Ajoutons qu’en mars 2009, toujours à Boumerdès, dont il faudrait s’interroger s’il n’y existait pas un « pôle » fatimide digne d’intérêt, un trésor de 903 pièces de monnaie en argent, de forme rectangulaire, contenues dans une amphore, a été déterré par sieur Haroun Ahmed du village Iweryachene, dans la commune de Nacéria, alors qu’il entreprenait des travaux de fondations dans son terrain pour la construction d’une maison. De ce lot de monnaies, dont le cours remonte également à l’ère des Fatimides, il en extraira particulièrement deux pièces portant l’inscription en arabe : "Allah Rabouna, Mohamed Rassoulouna, El Mahdi Imamouna"(Allah est notre Dieu, Mohamed est notre Messager, El Mahdi est notre Imam). Le stock monétaire a été remis à la direction de la culture de la wilaya de Boumerdès.

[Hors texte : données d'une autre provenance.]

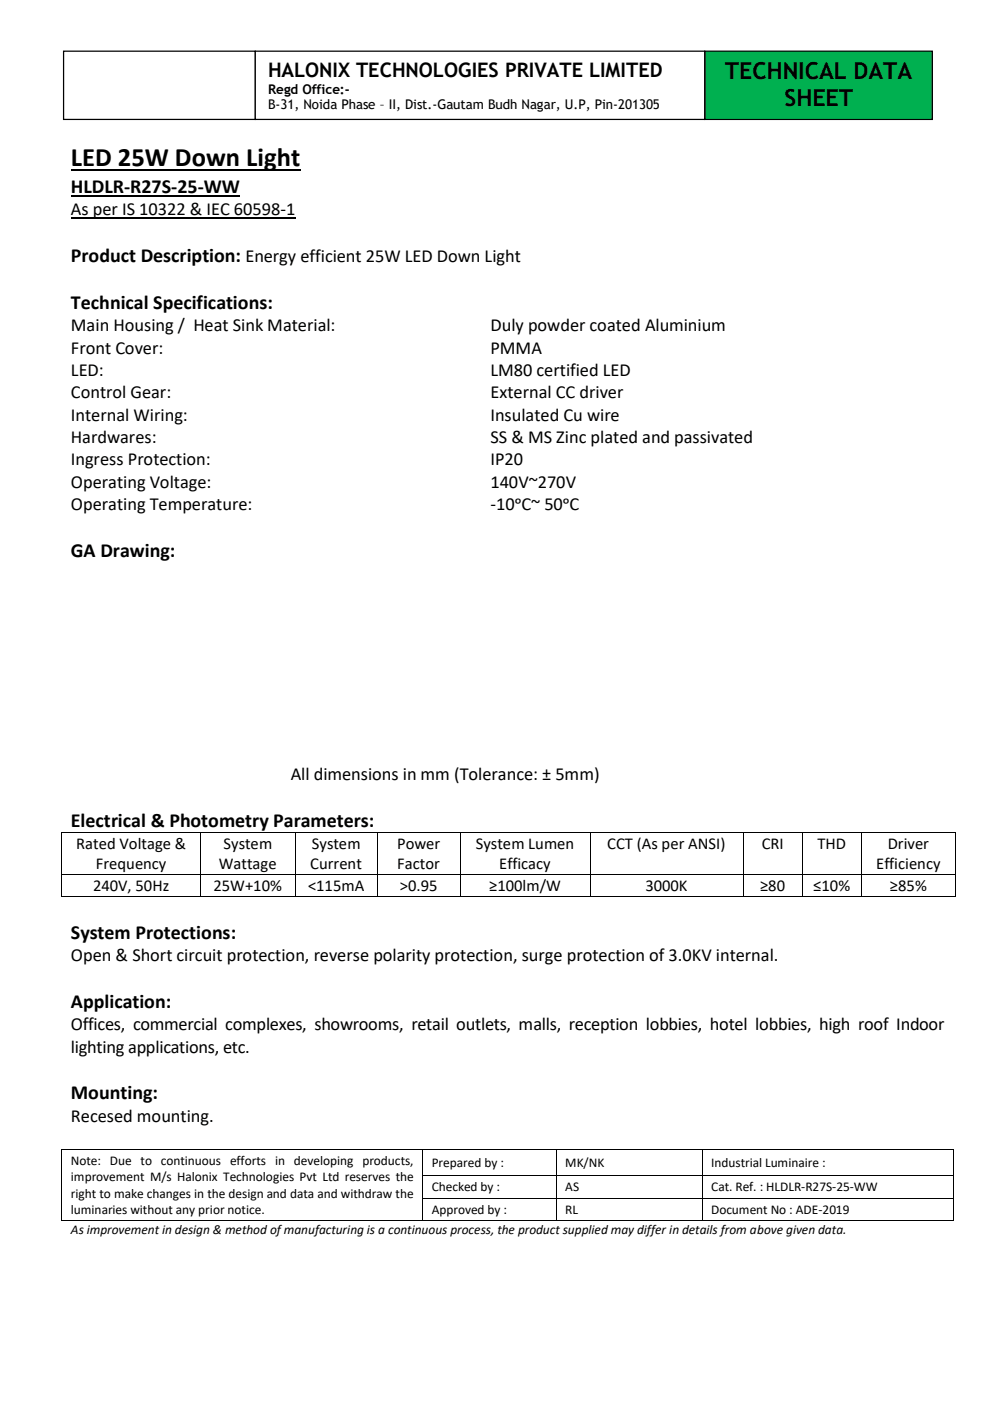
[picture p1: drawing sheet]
<svg xmlns="http://www.w3.org/2000/svg" width="210mm" height="297mm" viewBox="0 0 210 297" stroke-linecap="round" stroke-linejoin="round" font-family="sans-serif">
<defs><g id="words">
<text font-size="5.6" x="15" y="35.3">LED 25W Down Light</text>
<g font-size="5">
<text x="153.7" y="16.7">TECHNICAL DATA</text>
<text x="166.3" y="22.4">SHEET</text>
</g>
<g font-size="4.2">
<text x="56.8" y="16.3">HALONIX TECHNOLOGIES PRIVATE LIMITED</text>
<text x="15" y="40.9">HLDLR-R27S-25-WW</text>
<text x="15" y="55.5">Product Description: Energy efficient 25W LED Down Light</text>
<text x="15" y="65.4">Technical Specifications:</text>
<text x="15" y="118">GA Drawing:</text>
<text x="15" y="175.2">Electrical &amp; Photometry Parameters:</text>
<text x="15" y="198.9">System Protections:</text>
<text x="15" y="213.6">Application:</text>
<text x="15" y="232.9">Mounting:</text>
</g>
<g font-size="3.9">
<text x="15" y="45.6">As per IS 10322 &amp; IEC 60598-1</text>
<text x="15" y="70.2">Main Housing / Heat Sink Material:</text>
<text x="104" y="70.2">Duly powder coated Aluminium</text>
<text x="15" y="74.9">Front Cover:</text>
<text x="104" y="74.9">PMMA</text>
<text x="15" y="79.7">LED:</text>
<text x="104" y="79.7">LM80 certified LED</text>
<text x="15" y="84.4">Control Gear:</text>
<text x="15" y="89.2">Internal Wiring:</text>
<text x="104" y="84.4">External CC driver</text>
<text x="104" y="89.2">Insulated Cu wire</text>
<text x="15" y="93.9">Hardwares:</text>
<text x="104" y="93.9">SS &amp; MS Zinc plated and passivated</text>
<text x="15" y="98.6">Ingress Protection:</text>
<text x="104" y="98.6">IP20</text>
<text x="15" y="103.4">Operating Voltage:</text>
<text x="104" y="103.4">140V~270V</text>
<text x="15" y="108.1">Operating Temperature:</text>
<text x="104" y="108.1">-10ᵒC~ 50ᵒC</text>
<text x="61.6" y="165.4">All dimensions in mm (Tolerance: ± 5mm)</text>
<text x="15" y="203.7">Open &amp; Short circuit protection, reverse polarity protection, surge protection of 3.0KV internal.</text>
<text x="15" y="218.3">Offices, commercial complexes, showrooms, retail outlets, malls, reception lobbies, hotel lobbies, high roof Indoor</text>
<text x="15" y="223.1">lighting applications, etc.</text>
<text x="15" y="237.7">Recesed mounting.</text>
</g>
<g font-size="3.5">
<text x="16.2" y="179.9">Rated Voltage &amp;</text>
<text x="47.4" y="179.9">System</text>
<text x="66.1" y="179.9">System</text>
<text x="84.2" y="179.9">Power</text>
<text x="100.9" y="179.9">System Lumen</text>
<text x="128.7" y="179.9">CCT (As per ANSI)</text>
<text x="161.5" y="179.9">CRI</text>
<text x="173.3" y="179.9">THD</text>
<text x="188.2" y="179.9">Driver</text>
<text x="20.3" y="184.2">Frequency</text>
<text x="46.4" y="184.2">Wattage</text>
<text x="65.8" y="184.2">Current</text>
<text x="84.2" y="184.2">Factor</text>
<text x="105.8" y="184.2">Efficacy</text>
<text x="185.7" y="184.2">Efficiency</text>
<text x="19.7" y="188.8">240V, 50Hz</text>
<text x="45.3" y="188.8">25W+10%</text>
<text x="65.3" y="188.8">&lt;115mA</text>
<text x="84.8" y="188.8">&gt;0.95</text>
<text x="103.7" y="188.8">≥100lm/W</text>
<text x="136.8" y="188.8">3000K</text>
<text x="161.1" y="188.8">≥80</text>
<text x="172.4" y="188.8">≤10%</text>
<text x="188.6" y="188.8">≥85%</text>
</g>
<g font-size="2.8">
<text x="56.8" y="19.9">Regd Office:-</text>
<text x="56.8" y="23.2">B-31, Noida Phase – II, Dist.-Gautam Budh Nagar, U.P, Pin-201305</text>
<text x="15" y="247">Note: Due to continuous efforts in developing products,</text>
<text x="15" y="250.4">improvement M/s Halonix Technologies Pvt Ltd reserves the</text>
<text x="91.5" y="247.3">Prepared by :</text>
<text x="119.8" y="247.3">MK/NK</text>
<text x="150.7" y="247.3">Industrial Luminaire :</text>
<text x="15" y="253.9">right to make changes in the design and data and withdraw the</text>
<text x="15" y="257.3">luminaries without any prior notice.</text>
<text x="91.5" y="252.4">Checked by :</text>
<text x="91.5" y="257.3">Approved by :</text>
<text x="119.8" y="252.4">AS</text>
<text x="119.8" y="257.3">RL</text>
<text x="150.7" y="252.4">Cat. Ref. : HLDLR-R27S-25-WW</text>
<text x="150.7" y="257.3">Document No : ADE-2019</text>
<text x="15" y="261.5">As improvement in design &amp; method of manufacturing is a continuous process, the product supplied may differ in details from above given data.</text>
</g>
</g></defs>
<path d="M15 36.1h48.6" fill="none" stroke="#000" stroke-width=".38"/>
<path d="M15 41.5h35.8" fill="none" stroke="#000" stroke-width=".3"/>
<path d="M15 46.2h47.6" fill="none" stroke="#000" stroke-width=".25"/>
<g fill="#000">
<path d="M13 176.4h.2v.2h-.2z" fill-rule="evenodd"/>
<path d="M13 176.4h.2v.2h-.2z" fill-rule="evenodd"/>
<path d="M42.5 176.4h.1v.2h-.1z" fill-rule="evenodd"/>
<path d="M62.5 176.4h.2v.2h-.2z" fill-rule="evenodd"/>
<path d="M80 176.4h.2v.2h-.2z" fill-rule="evenodd"/>
<path d="M97.5 176.4h.1v.2h-.1z" fill-rule="evenodd"/>
<path d="M125 176.4h.2v.2h-.2z" fill-rule="evenodd"/>
<path d="M157.5 176.4h.2v.2h-.2z" fill-rule="evenodd"/>
<path d="M170 176.4h.2v.2h-.2z" fill-rule="evenodd"/>
<path d="M182.5 176.4h.2v.2h-.2z" fill-rule="evenodd"/>
<path d="M202.5 176.4h.2v.2h-.2z" fill-rule="evenodd"/>
<path d="M202.5 176.4h.2v.2h-.2z" fill-rule="evenodd"/>
<path d="M13 185.3h.2v.2h-.2z" fill-rule="evenodd"/>
<path d="M13 190h.2v.1h-.2z" fill-rule="evenodd"/>
<path d="M13 190h.2v.1h-.2z" fill-rule="evenodd"/>
<path d="M42.5 185.3h.1v.2h-.1z" fill-rule="evenodd"/>
<path d="M42.5 190h.1v.1h-.1z" fill-rule="evenodd"/>
<path d="M62.5 185.3h.2v.2h-.2z" fill-rule="evenodd"/>
<path d="M62.5 190h.2v.1h-.2z" fill-rule="evenodd"/>
<path d="M80 185.3h.2v.2h-.2z" fill-rule="evenodd"/>
<path d="M80 190h.2v.1h-.2z" fill-rule="evenodd"/>
<path d="M97.5 185.3h.1v.2h-.1z" fill-rule="evenodd"/>
<path d="M97.5 190h.1v.1h-.1z" fill-rule="evenodd"/>
<path d="M125 185.3h.2v.2h-.2z" fill-rule="evenodd"/>
<path d="M125 190h.2v.1h-.2z" fill-rule="evenodd"/>
<path d="M157.5 185.3h.2v.2h-.2z" fill-rule="evenodd"/>
<path d="M157.5 190h.2v.1h-.2z" fill-rule="evenodd"/>
<path d="M170 185.3h.2v.2h-.2z" fill-rule="evenodd"/>
<path d="M170 190h.2v.1h-.2z" fill-rule="evenodd"/>
<path d="M182.5 185.3h.2v.2h-.2z" fill-rule="evenodd"/>
<path d="M182.5 190h.2v.1h-.2z" fill-rule="evenodd"/>
<path d="M202.5 185.3h.2v.2h-.2z" fill-rule="evenodd"/>
<path d="M202.5 190h.2v.1h-.2z" fill-rule="evenodd"/>
<path d="M202.5 190h.2v.1h-.2z" fill-rule="evenodd"/>
<path d="M13 243.5h.2v.2h-.2z" fill-rule="evenodd"/>
<path d="M13 243.5h.2v.2h-.2z" fill-rule="evenodd"/>
<path d="M13 249h.2v.1h-.2z" fill-rule="evenodd"/>
<path d="M13 253.9h.2v.1h-.2z" fill-rule="evenodd"/>
<path d="M13 258.6h.2v.2h-.2z" fill-rule="evenodd"/>
<path d="M13 258.6h.2v.2h-.2z" fill-rule="evenodd"/>
<path d="M89.6 243.5h.1v.2h-.1z" fill-rule="evenodd"/>
<path d="M89.6 249h.1v.1h-.1z" fill-rule="evenodd"/>
<path d="M89.6 253.9h.1v.1h-.1z" fill-rule="evenodd"/>
<path d="M89.6 258.6h.1v.2h-.1z" fill-rule="evenodd"/>
<path d="M117.9 243.5h.2v.2h-.2z" fill-rule="evenodd"/>
<path d="M117.9 249h.2v.1h-.2z" fill-rule="evenodd"/>
<path d="M117.9 253.9h.2v.1h-.2z" fill-rule="evenodd"/>
<path d="M117.9 258.6h.2v.2h-.2z" fill-rule="evenodd"/>
<path d="M148.8 243.5h.1v.2h-.1z" fill-rule="evenodd"/>
<path d="M148.8 249h.1v.1h-.1z" fill-rule="evenodd"/>
<path d="M148.8 253.9h.1v.1h-.1z" fill-rule="evenodd"/>
<path d="M148.8 258.6h.1v.2h-.1z" fill-rule="evenodd"/>
<path d="M201.9 243.5h.2v.2h-.2z" fill-rule="evenodd"/>
<path d="M201.9 243.5h.2v.2h-.2z" fill-rule="evenodd"/>
<path d="M201.9 249h.2v.1h-.2z" fill-rule="evenodd"/>
<path d="M201.9 253.9h.2v.1h-.2z" fill-rule="evenodd"/>
<path d="M201.9 258.6h.2v.2h-.2z" fill-rule="evenodd"/>
<path d="M201.9 258.6h.2v.2h-.2z" fill-rule="evenodd"/>
</g>
<g fill="none" stroke="#000" stroke-width=".21">
<path d="M13.1 176.6v8.7M13.2 176.5h29.3M42.6 176.6v8.7M42.6 176.5h19.9M62.6 176.6v8.7M62.7 176.5h17.3M80.1 176.6v8.7M80.2 176.5h17.3M97.6 176.6v8.7M97.6 176.5h27.4M125.1 176.6v8.7M125.2 176.5h32.3"/>
<path d="M157.6 176.6v8.7M157.7 176.5h12.3M170.1 176.6v8.7M170.2 176.5h12.3M182.6 176.6v8.7M182.7 176.5h19.8M202.6 176.6v8.7M13.1 185.5v4.5M13.2 185.4h29.3M13.2 190.1h29.3M42.6 185.5v4.5M42.6 185.4h19.9"/>
<path d="M42.6 190.1h19.9M62.6 185.5v4.5M62.7 185.4h17.3M62.7 190.1h17.3M80.1 185.5v4.5M80.2 185.4h17.3M80.2 190.1h17.3M97.6 185.5v4.5M97.6 185.4h27.4M97.6 190.1h27.4M125.1 185.5v4.5M125.2 185.4h32.3"/>
<path d="M125.2 190.1h32.3M157.6 185.5v4.5M157.7 185.4h12.3M157.7 190.1h12.3M170.1 185.5v4.5M170.2 185.4h12.3M170.2 190.1h12.3M182.6 185.5v4.5M182.7 185.4h19.8M182.7 190.1h19.8M202.6 185.5v4.5M13.1 243.7v5.3"/>
<path d="M13.1 249.1v4.8M13.1 254v4.6M13.2 243.6h76.4M13.2 258.7h76.4M89.6 243.7v5.3M89.6 249.1v4.8M89.6 254v4.6M89.7 243.6h28.2M89.7 249h28.2M89.7 254h28.2M89.7 258.7h28.2M118 243.7v5.3"/>
<path d="M118 249.1v4.8M118 254v4.6M118.1 243.6h30.7M118.1 249h30.7M118.1 254h30.7M118.1 258.7h30.7M148.8 243.7v5.3M148.8 249.1v4.8M148.8 254v4.6M148.9 243.6h53M148.9 249h53M148.9 254h53"/>
<path d="M148.9 258.7h53M202 243.7v5.3M202 249.1v4.8M202 254v4.6"/>
</g>
<path d="M149.4 10.8h48.2v14.5h-48.2z" fill-rule="evenodd" fill="#00b050"/>
<path d="M149.4 10.8h48.2v14.5h-48.2z" fill="none" stroke="#000" stroke-width=".26"/>
<path d="M13.5 10.8h40.6v14.5h-40.6z" fill-rule="evenodd" fill="#fff"/>
<path d="M13.5 10.8h40.6v14.5h-40.6z" fill="none" stroke="#000" stroke-width=".26"/>
<path d="M54.1 10.8h95.3v14.5h-95.3z" fill-rule="evenodd" fill="#fff"/>
<path d="M54.1 10.8h95.3v14.5h-95.3z" fill="none" stroke="#000" stroke-width=".26"/>
<use href="#words"/>
</svg>

En face du caractère exceptionnel de la découverte, certains journaux ont posé avec incidence le caractère obsolète des lois algériennes en ce qui concerne surtout le titre d’auteur dont doit bénéficié l’auteur de la découverte et l’absence de compensation financière ce dernier lorsque ces trésors et antiquités sont remis gracieusement aux "autorités compétentes". Ce type de comportement patrimonial et patriotique que de centaines de citoyens à travers le pays nous renvoie reste depuis très longtemps négligé et non valorisé, malgré les assauts répétés parfois létaux portés à l’archéologie et à l’histoire de l’Algérie (vol, dégradation, destruction, pillage, concussion, trafic, …). On en vient donc que la seule contrepartie positive en matière d’archéologie qui émane de particuliers ou de la "société-dite-civile" ne soit pas inscrite dans la législation algérienne à propos de la préservation et de la notion de "biens culturels" alors que les activités des directions en charge de la protection sensés les protéger s’accommode bien généreusement des pratiques platonique et folklorique ainsi que des annonces stérile et débilitante. Leur discours débarrassé de la science est bien truffé de contradictions. Toutefois, il nous faudrait faire la part des choses et se poser la question : « Quelle nouvelle stratégie doit-on adopter pour hisser notre patrimoine ?».